The youngest workers in Pittsburgh did not suffer the type of employment setbacks that teenagers in other parts of the country have experienced as a result of the Great Recession.
The reason is not a good one, however.
Teens in the Pittsburgh metropolitan area were already facing a tougher labor market before the Great Recession than young people in most of the largest cities in America.
A report that is being released by The Brookings Institution today showed that since 2000 the economy has been more disastrous for teenagers than for any other group.
Andrew Sum, an economist who runs the Center for Labor Market Studies at Northeastern University in Boston and teamed up with Brookings for the report, said the lack of job opportunities for young people will have a ripple effect on the labor market for years because young people who work, and develop a track record of working, are more likely to work in coming years.
Nationally the teen employment rate, which had been 45 percent for 16- to 19-year-olds in 2000, fell 19 percentage points to 26 percent in 2011.
In Pittsburgh, comparing March 2000 to March 2012 the employment rate fell by just 5.2 percentage points, which is the second lowest decline in the country. The catch is that Pittsburgh’s employment rate for 16- to 19-year-olds was just 40.2 percent in 2000, ranking the city as 75th in the top 100 metropolitan areas. By 2012, the seven-county Pittsburgh metropolitan area ranked 14th in the nation for teen employment, even through the employment rate had fallen to 35.1 percent.
For people who are starting their working lives, delaying that first job delays future advancement.
“The more that you worked last year, the greater the likelihood you are going to work this year,” Mr. Sum said.
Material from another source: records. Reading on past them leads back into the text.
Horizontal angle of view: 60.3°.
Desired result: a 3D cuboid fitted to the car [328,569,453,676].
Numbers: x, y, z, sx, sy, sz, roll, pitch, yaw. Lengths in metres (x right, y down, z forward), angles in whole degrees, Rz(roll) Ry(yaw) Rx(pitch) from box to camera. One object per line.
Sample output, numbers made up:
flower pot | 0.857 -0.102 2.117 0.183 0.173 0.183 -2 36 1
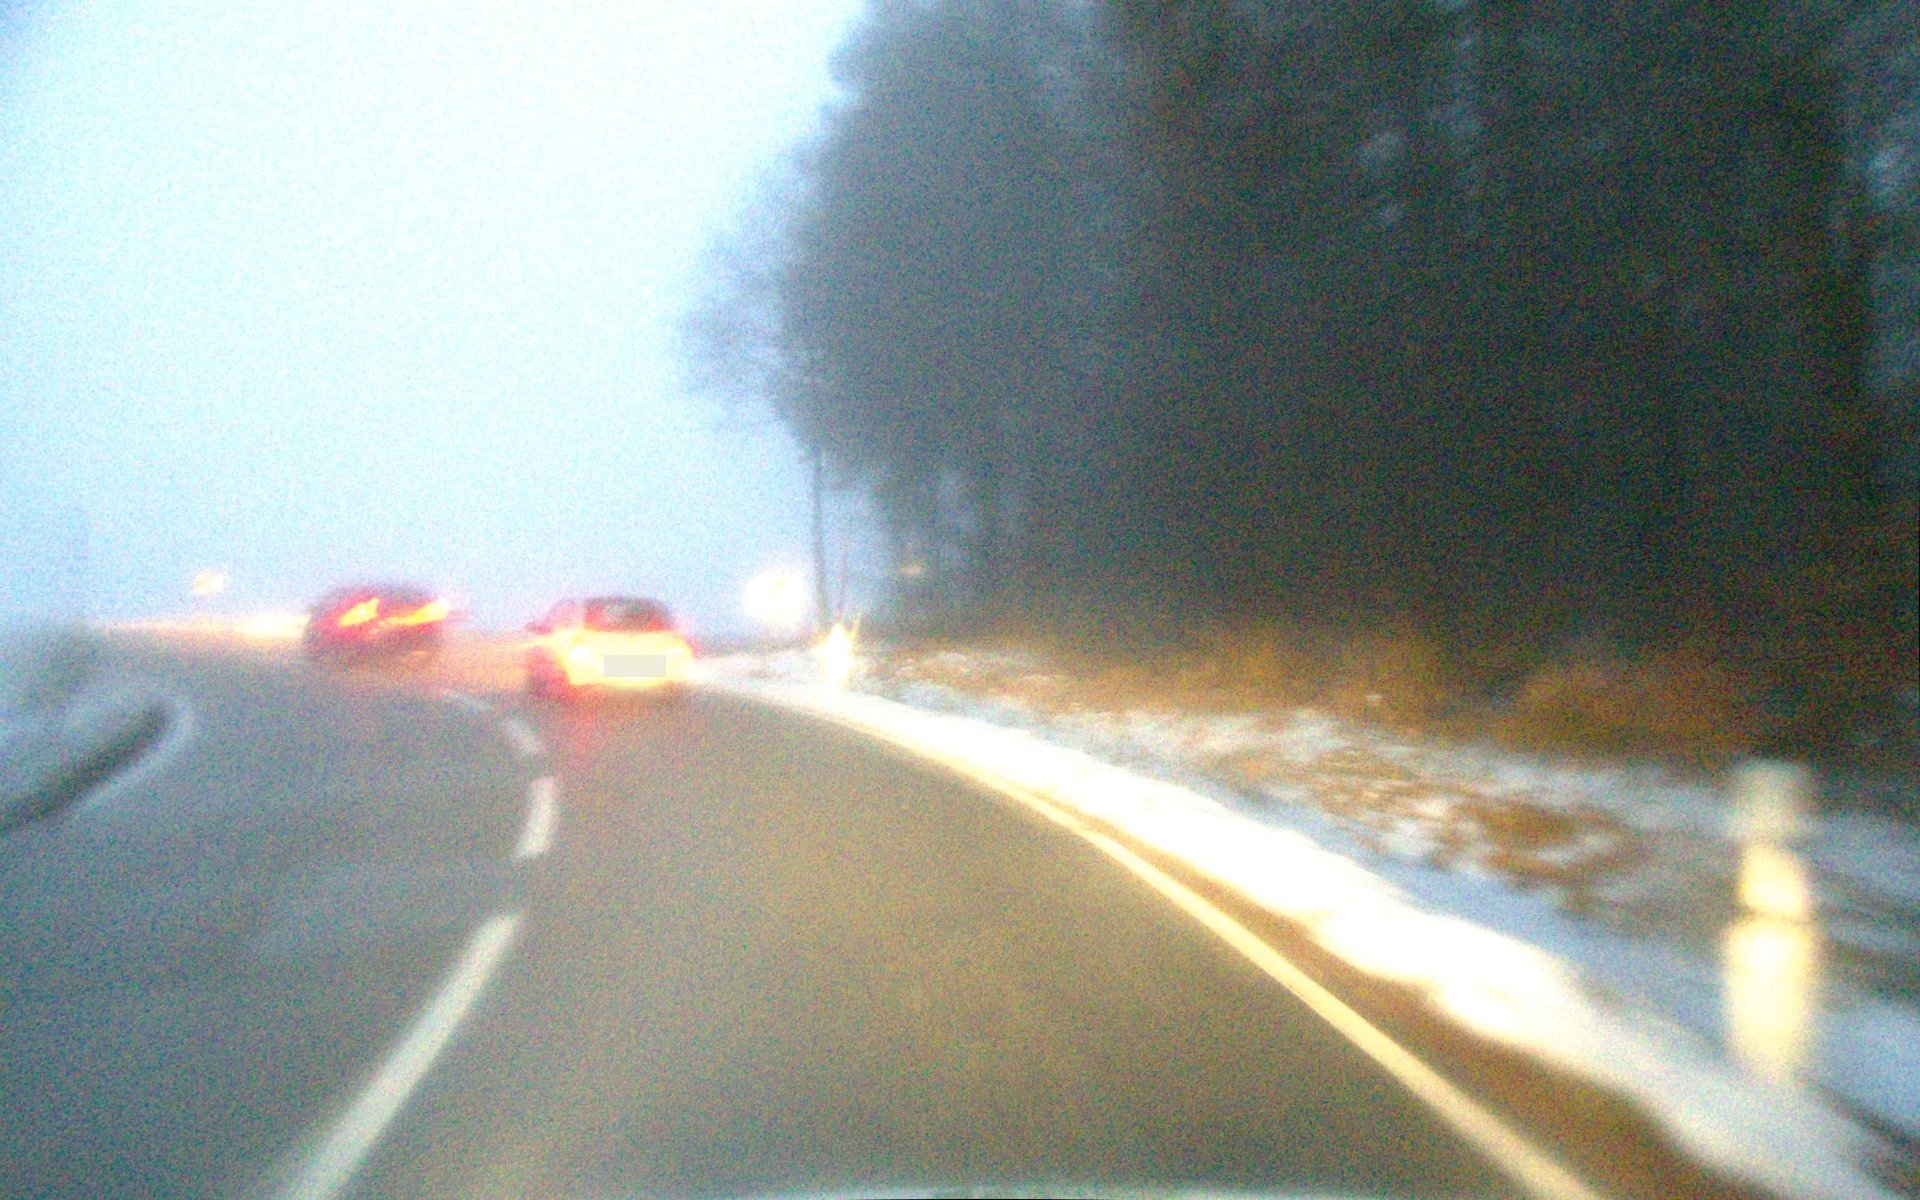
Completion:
car | -11.298 0.393 32.646 1.967 1.813 3.972 4 1 -23

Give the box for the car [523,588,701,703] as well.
car | -4.860 0.546 22.698 1.917 1.405 3.978 0 1 -19

Jobs pull teenagers out of their world filled with only adolescents and introduce them to adults who are neither parents nor teachers and who really don’t have any reason to care for them, he said. They also learn about responsibility and accountability in a way that parents and educators can’t teach.
Teenagers bring the work experience they have into their 20s and Mr. Sum’s work showed that workers who were 20- to 24-years old also are suffering from lower employment levels.
On a national level, the employment level of workers in their early 20s fell from 72 percent in 2000 to 61 percent in 2011. In Pittsburgh their employment rate fell from 68.5 percent in March 2000 to 67.4 percent in March 2012.
Workers in the prime of their working years also lost ground in the wake of the Great Recession, with employment falling for 25- to 34-year olds from 82 percent in 2000 to 74 percent in 2011 and 35- to 54-year-olds falling from 81 percent to 76 percent.
However, the share of older workers is growing. The employment rates for workers aged 55 to 64 grew from 58 percent in 2000 to 60 percent in 2011 and more dramatically for workers retirement-aged workers of 64 to 74 whose employment percentage grew from 19 to 25 percent.
Mr. Sum said when teenagers go into the labor market, they now face competition from a wide range of generations.
The employment decline for teenagers is the worst that has ever been measured for any group, Mr. Sum said. “This is not something that should be ignored or downplayed because of all these path dependency effects.”